Task directions >> Everything from the line containing "The camera that" to the end of the data must be duplicated word for word, and nothing else may appear.

Dataset records >>

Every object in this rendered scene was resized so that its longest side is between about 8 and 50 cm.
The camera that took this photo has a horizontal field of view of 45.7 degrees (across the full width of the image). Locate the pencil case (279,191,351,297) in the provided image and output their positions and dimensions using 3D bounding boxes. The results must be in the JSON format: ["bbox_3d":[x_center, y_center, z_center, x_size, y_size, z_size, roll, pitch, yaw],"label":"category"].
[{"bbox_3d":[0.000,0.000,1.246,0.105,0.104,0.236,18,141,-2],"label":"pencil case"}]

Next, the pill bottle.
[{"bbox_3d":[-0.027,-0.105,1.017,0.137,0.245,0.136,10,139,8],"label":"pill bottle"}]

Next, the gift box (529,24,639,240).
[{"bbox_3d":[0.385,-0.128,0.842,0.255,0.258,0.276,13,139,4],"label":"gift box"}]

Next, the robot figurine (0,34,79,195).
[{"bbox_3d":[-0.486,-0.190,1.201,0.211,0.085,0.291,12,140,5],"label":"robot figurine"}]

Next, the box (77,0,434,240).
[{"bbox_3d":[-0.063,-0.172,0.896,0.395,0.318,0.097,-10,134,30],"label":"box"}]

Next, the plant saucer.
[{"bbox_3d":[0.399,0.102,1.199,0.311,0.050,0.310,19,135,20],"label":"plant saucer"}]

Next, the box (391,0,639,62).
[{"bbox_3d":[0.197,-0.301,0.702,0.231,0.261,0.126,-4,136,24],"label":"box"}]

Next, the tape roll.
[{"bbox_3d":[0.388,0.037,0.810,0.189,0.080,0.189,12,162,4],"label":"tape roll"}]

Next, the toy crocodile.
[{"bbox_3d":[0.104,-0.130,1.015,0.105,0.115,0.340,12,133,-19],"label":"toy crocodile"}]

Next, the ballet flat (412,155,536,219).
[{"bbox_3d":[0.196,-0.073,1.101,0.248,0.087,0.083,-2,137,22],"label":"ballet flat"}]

Response to this task >>
The camera that took this photo has a horizontal field of view of 45.7 degrees (across the full width of the image). Locate the pencil case (279,191,351,297) in the provided image and output their positions and dimensions using 3D bounding boxes. The results must be in the JSON format: ["bbox_3d":[x_center, y_center, z_center, x_size, y_size, z_size, roll, pitch, yaw],"label":"category"].
[{"bbox_3d":[0.000,0.000,1.246,0.105,0.104,0.236,18,141,-2],"label":"pencil case"}]

Next, the pill bottle.
[{"bbox_3d":[-0.027,-0.105,1.017,0.137,0.245,0.136,10,139,8],"label":"pill bottle"}]

Next, the gift box (529,24,639,240).
[{"bbox_3d":[0.385,-0.128,0.842,0.255,0.258,0.276,13,139,4],"label":"gift box"}]

Next, the robot figurine (0,34,79,195).
[{"bbox_3d":[-0.486,-0.190,1.201,0.211,0.085,0.291,12,140,5],"label":"robot figurine"}]

Next, the box (77,0,434,240).
[{"bbox_3d":[-0.063,-0.172,0.896,0.395,0.318,0.097,-10,134,30],"label":"box"}]

Next, the plant saucer.
[{"bbox_3d":[0.399,0.102,1.199,0.311,0.050,0.310,19,135,20],"label":"plant saucer"}]

Next, the box (391,0,639,62).
[{"bbox_3d":[0.197,-0.301,0.702,0.231,0.261,0.126,-4,136,24],"label":"box"}]

Next, the tape roll.
[{"bbox_3d":[0.388,0.037,0.810,0.189,0.080,0.189,12,162,4],"label":"tape roll"}]

Next, the toy crocodile.
[{"bbox_3d":[0.104,-0.130,1.015,0.105,0.115,0.340,12,133,-19],"label":"toy crocodile"}]

Next, the ballet flat (412,155,536,219).
[{"bbox_3d":[0.196,-0.073,1.101,0.248,0.087,0.083,-2,137,22],"label":"ballet flat"}]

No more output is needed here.